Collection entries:

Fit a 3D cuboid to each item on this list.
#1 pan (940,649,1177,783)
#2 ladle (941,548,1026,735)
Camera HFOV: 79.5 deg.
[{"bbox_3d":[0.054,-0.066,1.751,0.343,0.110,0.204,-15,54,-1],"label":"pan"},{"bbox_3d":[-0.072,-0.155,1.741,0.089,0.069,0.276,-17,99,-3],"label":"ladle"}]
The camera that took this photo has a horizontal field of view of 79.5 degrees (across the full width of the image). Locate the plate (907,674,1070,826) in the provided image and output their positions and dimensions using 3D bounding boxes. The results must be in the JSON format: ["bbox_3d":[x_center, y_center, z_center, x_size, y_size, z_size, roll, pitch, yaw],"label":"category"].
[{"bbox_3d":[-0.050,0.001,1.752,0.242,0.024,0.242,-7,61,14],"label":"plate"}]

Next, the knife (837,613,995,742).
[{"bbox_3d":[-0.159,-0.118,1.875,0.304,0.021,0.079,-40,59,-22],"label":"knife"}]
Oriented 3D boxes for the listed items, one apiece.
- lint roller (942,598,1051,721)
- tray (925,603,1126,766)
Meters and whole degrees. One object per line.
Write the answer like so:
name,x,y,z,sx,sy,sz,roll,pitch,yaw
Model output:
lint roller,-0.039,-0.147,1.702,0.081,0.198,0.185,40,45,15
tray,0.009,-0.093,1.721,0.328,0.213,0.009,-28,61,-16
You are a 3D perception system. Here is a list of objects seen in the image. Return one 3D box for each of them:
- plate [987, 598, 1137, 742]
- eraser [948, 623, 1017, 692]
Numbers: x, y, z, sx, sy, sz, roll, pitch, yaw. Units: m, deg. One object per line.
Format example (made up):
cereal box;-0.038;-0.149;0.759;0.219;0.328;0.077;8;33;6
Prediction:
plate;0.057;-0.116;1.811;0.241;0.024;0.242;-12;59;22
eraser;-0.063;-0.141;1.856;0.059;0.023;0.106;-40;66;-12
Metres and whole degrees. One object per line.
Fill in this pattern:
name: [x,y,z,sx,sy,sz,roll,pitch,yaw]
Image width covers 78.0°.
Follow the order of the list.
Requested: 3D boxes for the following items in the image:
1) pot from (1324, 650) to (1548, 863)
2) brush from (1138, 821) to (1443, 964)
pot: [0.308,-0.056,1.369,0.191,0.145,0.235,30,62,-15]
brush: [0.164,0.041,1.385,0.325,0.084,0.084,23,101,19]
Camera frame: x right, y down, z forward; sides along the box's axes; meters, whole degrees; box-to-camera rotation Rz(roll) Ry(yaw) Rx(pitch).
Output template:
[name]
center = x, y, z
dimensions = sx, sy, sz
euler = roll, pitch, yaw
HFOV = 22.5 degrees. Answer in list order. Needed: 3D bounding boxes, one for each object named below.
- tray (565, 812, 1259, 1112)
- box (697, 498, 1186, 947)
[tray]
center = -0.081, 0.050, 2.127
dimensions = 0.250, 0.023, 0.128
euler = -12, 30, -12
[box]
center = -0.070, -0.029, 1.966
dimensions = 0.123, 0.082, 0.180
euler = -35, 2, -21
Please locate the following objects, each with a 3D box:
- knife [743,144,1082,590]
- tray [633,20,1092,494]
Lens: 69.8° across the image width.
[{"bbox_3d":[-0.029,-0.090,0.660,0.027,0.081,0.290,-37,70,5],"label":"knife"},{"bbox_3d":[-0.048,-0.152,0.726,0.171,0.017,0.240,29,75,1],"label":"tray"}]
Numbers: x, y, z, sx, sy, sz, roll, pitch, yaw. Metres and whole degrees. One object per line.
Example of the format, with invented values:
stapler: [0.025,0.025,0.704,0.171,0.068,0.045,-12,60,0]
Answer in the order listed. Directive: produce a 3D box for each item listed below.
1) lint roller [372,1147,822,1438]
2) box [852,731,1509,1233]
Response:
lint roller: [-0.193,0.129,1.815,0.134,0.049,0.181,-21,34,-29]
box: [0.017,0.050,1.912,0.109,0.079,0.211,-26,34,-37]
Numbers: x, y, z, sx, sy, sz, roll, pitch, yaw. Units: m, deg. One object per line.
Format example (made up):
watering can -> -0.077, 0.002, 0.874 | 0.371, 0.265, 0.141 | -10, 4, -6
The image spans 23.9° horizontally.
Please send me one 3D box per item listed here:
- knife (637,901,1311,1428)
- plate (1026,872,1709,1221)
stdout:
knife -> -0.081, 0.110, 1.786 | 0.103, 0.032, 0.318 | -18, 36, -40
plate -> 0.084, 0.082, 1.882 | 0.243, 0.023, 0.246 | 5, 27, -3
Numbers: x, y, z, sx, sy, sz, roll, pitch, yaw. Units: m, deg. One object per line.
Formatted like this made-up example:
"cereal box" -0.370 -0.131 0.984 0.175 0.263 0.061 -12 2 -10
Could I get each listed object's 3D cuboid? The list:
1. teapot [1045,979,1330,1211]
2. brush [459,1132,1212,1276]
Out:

§ **Assignment**
An exact copy of every record is needed, so retype them all.

§ **Solved problem**
Fit a 3D cuboid to each item on this list.
#1 pan (940,649,1177,783)
#2 ladle (941,548,1026,735)
Camera HFOV: 79.5 deg.
[{"bbox_3d":[0.054,-0.066,1.751,0.343,0.110,0.204,-15,54,-1],"label":"pan"},{"bbox_3d":[-0.072,-0.155,1.741,0.089,0.069,0.276,-17,99,-3],"label":"ladle"}]
The camera that took this photo has a horizontal field of view of 79.5 degrees (across the full width of the image). Locate the plate (907,674,1070,826) in the provided image and output their positions and dimensions using 3D bounding boxes. The results must be in the JSON format: ["bbox_3d":[x_center, y_center, z_center, x_size, y_size, z_size, roll, pitch, yaw],"label":"category"].
[{"bbox_3d":[-0.050,0.001,1.752,0.242,0.024,0.242,-7,61,14],"label":"plate"}]

Next, the knife (837,613,995,742).
[{"bbox_3d":[-0.159,-0.118,1.875,0.304,0.021,0.079,-40,59,-22],"label":"knife"}]
Oriented 3D boxes for the listed items, one apiece.
- lint roller (942,598,1051,721)
- tray (925,603,1126,766)
Meters and whole degrees. One object per line.
Write the answer like so:
name,x,y,z,sx,sy,sz,roll,pitch,yaw
Model output:
lint roller,-0.039,-0.147,1.702,0.081,0.198,0.185,40,45,15
tray,0.009,-0.093,1.721,0.328,0.213,0.009,-28,61,-16
You are a 3D perception system. Here is a list of objects seen in the image. Return one 3D box for each of them:
- plate [987, 598, 1137, 742]
- eraser [948, 623, 1017, 692]
Numbers: x, y, z, sx, sy, sz, roll, pitch, yaw. Units: m, deg. One object per line.
Format example (made up):
cereal box;-0.038;-0.149;0.759;0.219;0.328;0.077;8;33;6
Prediction:
plate;0.057;-0.116;1.811;0.241;0.024;0.242;-12;59;22
eraser;-0.063;-0.141;1.856;0.059;0.023;0.106;-40;66;-12
Metres and whole degrees. One object per line.
Fill in this pattern:
name: [x,y,z,sx,sy,sz,roll,pitch,yaw]
Image width covers 78.0°.
Follow the order of the list.
Requested: 3D boxes for the following items in the image:
1) pot from (1324, 650) to (1548, 863)
2) brush from (1138, 821) to (1443, 964)
pot: [0.308,-0.056,1.369,0.191,0.145,0.235,30,62,-15]
brush: [0.164,0.041,1.385,0.325,0.084,0.084,23,101,19]
Camera frame: x right, y down, z forward; sides along the box's axes; meters, whole degrees; box-to-camera rotation Rz(roll) Ry(yaw) Rx(pitch).
Output template:
[name]
center = x, y, z
dimensions = sx, sy, sz
euler = roll, pitch, yaw
HFOV = 22.5 degrees. Answer in list order. Needed: 3D bounding boxes, one for each object named below.
- tray (565, 812, 1259, 1112)
- box (697, 498, 1186, 947)
[tray]
center = -0.081, 0.050, 2.127
dimensions = 0.250, 0.023, 0.128
euler = -12, 30, -12
[box]
center = -0.070, -0.029, 1.966
dimensions = 0.123, 0.082, 0.180
euler = -35, 2, -21
Please locate the following objects, each with a 3D box:
- knife [743,144,1082,590]
- tray [633,20,1092,494]
Lens: 69.8° across the image width.
[{"bbox_3d":[-0.029,-0.090,0.660,0.027,0.081,0.290,-37,70,5],"label":"knife"},{"bbox_3d":[-0.048,-0.152,0.726,0.171,0.017,0.240,29,75,1],"label":"tray"}]
Numbers: x, y, z, sx, sy, sz, roll, pitch, yaw. Metres and whole degrees. One object per line.
Example of the format, with invented values:
stapler: [0.025,0.025,0.704,0.171,0.068,0.045,-12,60,0]
Answer in the order listed. Directive: produce a 3D box for each item listed below.
1) lint roller [372,1147,822,1438]
2) box [852,731,1509,1233]
Response:
lint roller: [-0.193,0.129,1.815,0.134,0.049,0.181,-21,34,-29]
box: [0.017,0.050,1.912,0.109,0.079,0.211,-26,34,-37]
Numbers: x, y, z, sx, sy, sz, roll, pitch, yaw. Units: m, deg. One object per line.
Format example (made up):
watering can -> -0.077, 0.002, 0.874 | 0.371, 0.265, 0.141 | -10, 4, -6
The image spans 23.9° horizontally.
Please send me one 3D box per item listed here:
- knife (637,901,1311,1428)
- plate (1026,872,1709,1221)
stdout:
knife -> -0.081, 0.110, 1.786 | 0.103, 0.032, 0.318 | -18, 36, -40
plate -> 0.084, 0.082, 1.882 | 0.243, 0.023, 0.246 | 5, 27, -3
Numbers: x, y, z, sx, sy, sz, roll, pitch, yaw. Units: m, deg. One object per line.
Formatted like this made-up example:
"cereal box" -0.370 -0.131 0.984 0.175 0.263 0.061 -12 2 -10
Could I get each listed object's 3D cuboid? The list:
1. teapot [1045,979,1330,1211]
2. brush [459,1132,1212,1276]
Out:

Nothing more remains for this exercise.